Contesto di vita e di lavoro favorevole alla salute

Agire su contesti di vita e lavoro per facilitare stili di vita sani e sostenibili

Uno stile di vita salutare riduce significativamente il rischio di sviluppare malattie cardiovascolari e tumori nonché di morire precocemente. Adottare una sana alimentazione, praticare attività fisica, mantenere il peso nella norma, non fumare e non bere alcol, sono i modi migliori per porre le basi per un invecchiamento attivo e rimanere a lungo in buona salute ed autonomi.

Tutti i settori della pubblica amministrazione e la società civile possono contribuire a rendere più facile (o più difficile) condurre una vita sana e sostenibile. La sfida è di facilitare ai cittadini scelte salutari, convenienti e alla portata di tutti, attraverso interventi intersettoriali su consumi, urbanistica, luoghi di lavoro e di studio, trasporti, tutela ambientale.

La scuola deve rafforzare il suo ruolo di promotore di salute, anche al di là dei contenuti dei curricula formativi. Le aziende devono prendere sul serio la responsabilità sociale d'impresa e, oltre a garantire la sicurezza sul lavoro, promuovere benessere organizzativo e stili di vita sani tra i propri dipendenti. L’amministrazioni pubblica, a maggior ragione, deve dare il buon esempio in coerenza con la propria vocazione e ruolo istituzionale.

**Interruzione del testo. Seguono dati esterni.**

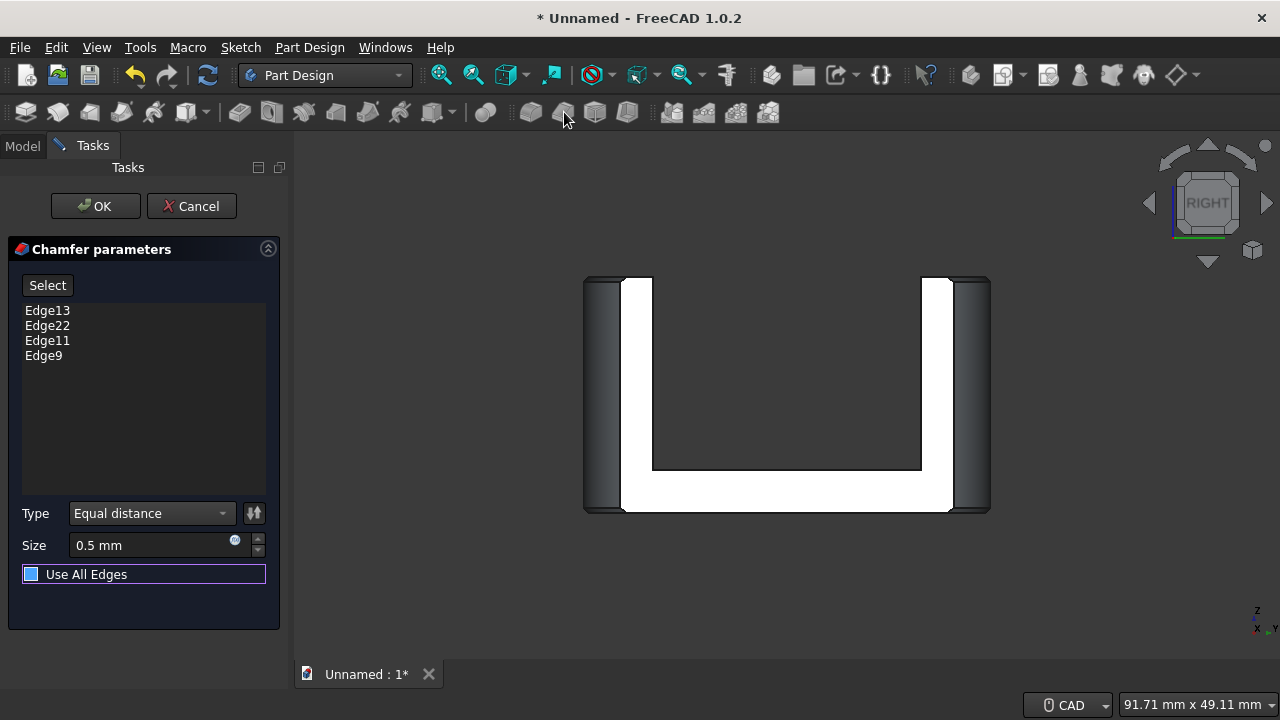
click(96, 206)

Il lavoro dei professionisti provenienti dai diversi ambiti (personale medico, sportivo, sociale) in tema di promozione di sani stili di vita è di grande importanza, sia per i frequenti contatti con la popolazione, sia per la fiducia di cui godono.

Ambiente e salute

È importante aumentare la consapevolezza dell’impatto delle attività umane sull’ambiente e sfruttare di più il binomio ambiente-salute nelle attività di promozione degli stili di vita e di tutela ambientale. Le istituzioni sociosanitarie, ma anche altri settori della società, dovranno valutare la loro impronta ecologica e impegnarsi per ridurla (eventi sportivi, convegni, ristorazione pubblica, attività turistiche). La valutazione dell’impatto sulla salute è inoltre uno strumento importante per agevolare la strategia della salute in tutte le politiche.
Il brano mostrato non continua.